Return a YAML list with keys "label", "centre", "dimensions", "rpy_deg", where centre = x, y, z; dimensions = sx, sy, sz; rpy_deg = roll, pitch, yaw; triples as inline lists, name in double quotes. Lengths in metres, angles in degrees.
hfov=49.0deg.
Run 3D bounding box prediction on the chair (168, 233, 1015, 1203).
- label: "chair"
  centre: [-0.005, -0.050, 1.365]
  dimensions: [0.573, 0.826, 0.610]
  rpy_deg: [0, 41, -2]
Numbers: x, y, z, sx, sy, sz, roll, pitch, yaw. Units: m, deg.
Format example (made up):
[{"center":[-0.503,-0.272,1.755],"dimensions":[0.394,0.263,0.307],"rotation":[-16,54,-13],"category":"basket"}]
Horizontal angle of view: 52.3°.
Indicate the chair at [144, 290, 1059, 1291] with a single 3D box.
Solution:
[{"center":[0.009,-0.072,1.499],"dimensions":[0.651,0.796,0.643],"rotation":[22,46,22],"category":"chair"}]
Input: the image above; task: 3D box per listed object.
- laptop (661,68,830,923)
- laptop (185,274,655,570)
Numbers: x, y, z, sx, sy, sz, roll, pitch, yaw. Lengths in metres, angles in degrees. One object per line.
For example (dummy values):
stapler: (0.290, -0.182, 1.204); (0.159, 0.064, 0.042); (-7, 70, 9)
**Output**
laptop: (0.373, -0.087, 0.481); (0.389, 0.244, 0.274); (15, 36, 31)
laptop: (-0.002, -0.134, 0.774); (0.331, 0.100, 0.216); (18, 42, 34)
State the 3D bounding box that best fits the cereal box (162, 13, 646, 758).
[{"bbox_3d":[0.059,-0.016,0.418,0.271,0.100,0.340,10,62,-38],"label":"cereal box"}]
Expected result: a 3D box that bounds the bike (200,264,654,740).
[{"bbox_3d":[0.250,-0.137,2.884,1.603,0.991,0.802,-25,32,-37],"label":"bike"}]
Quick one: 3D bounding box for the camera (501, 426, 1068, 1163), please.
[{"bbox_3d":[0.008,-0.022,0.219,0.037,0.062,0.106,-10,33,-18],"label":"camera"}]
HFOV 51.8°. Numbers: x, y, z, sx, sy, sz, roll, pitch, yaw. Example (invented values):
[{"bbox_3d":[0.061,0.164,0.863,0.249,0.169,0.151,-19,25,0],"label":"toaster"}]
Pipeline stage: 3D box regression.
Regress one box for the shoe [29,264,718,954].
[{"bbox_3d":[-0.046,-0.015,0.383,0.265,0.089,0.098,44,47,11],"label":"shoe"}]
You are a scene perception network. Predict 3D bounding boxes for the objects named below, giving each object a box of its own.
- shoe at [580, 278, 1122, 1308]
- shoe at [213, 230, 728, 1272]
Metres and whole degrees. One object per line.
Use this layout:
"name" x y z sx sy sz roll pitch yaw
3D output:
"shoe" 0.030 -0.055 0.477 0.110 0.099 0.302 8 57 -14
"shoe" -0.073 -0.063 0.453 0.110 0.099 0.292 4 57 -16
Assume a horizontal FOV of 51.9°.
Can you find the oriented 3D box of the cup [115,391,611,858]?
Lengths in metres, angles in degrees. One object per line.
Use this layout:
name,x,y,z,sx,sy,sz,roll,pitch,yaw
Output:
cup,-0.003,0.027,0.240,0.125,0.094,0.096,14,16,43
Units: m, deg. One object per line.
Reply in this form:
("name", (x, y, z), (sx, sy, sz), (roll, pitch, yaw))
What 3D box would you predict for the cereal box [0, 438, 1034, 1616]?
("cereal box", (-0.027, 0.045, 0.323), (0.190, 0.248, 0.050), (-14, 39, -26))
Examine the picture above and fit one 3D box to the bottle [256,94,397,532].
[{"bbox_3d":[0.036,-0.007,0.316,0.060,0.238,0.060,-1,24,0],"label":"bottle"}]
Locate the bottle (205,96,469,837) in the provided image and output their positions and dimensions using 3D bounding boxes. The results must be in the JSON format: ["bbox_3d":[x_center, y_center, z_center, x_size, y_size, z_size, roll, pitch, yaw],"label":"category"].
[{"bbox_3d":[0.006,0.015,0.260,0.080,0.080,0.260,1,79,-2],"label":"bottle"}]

=== WHAT YOU WILL DO ===
Which lines above contain the word "Lengths"? List them.

=== WRITTEN RESPONSE ===
Return a YAML list with keys "label", "centre", "dimensions", "rpy_deg", where centre = x, y, z; dimensions = sx, sy, sz; rpy_deg = roll, pitch, yaw; triples as inline lists, name in double quotes. Lengths in metres, angles in degrees.
Numbers: x, y, z, sx, sy, sz, roll, pitch, yaw. Lengths in metres, angles in degrees. One object per line.
Lengths in metres, angles in degrees. One object per line.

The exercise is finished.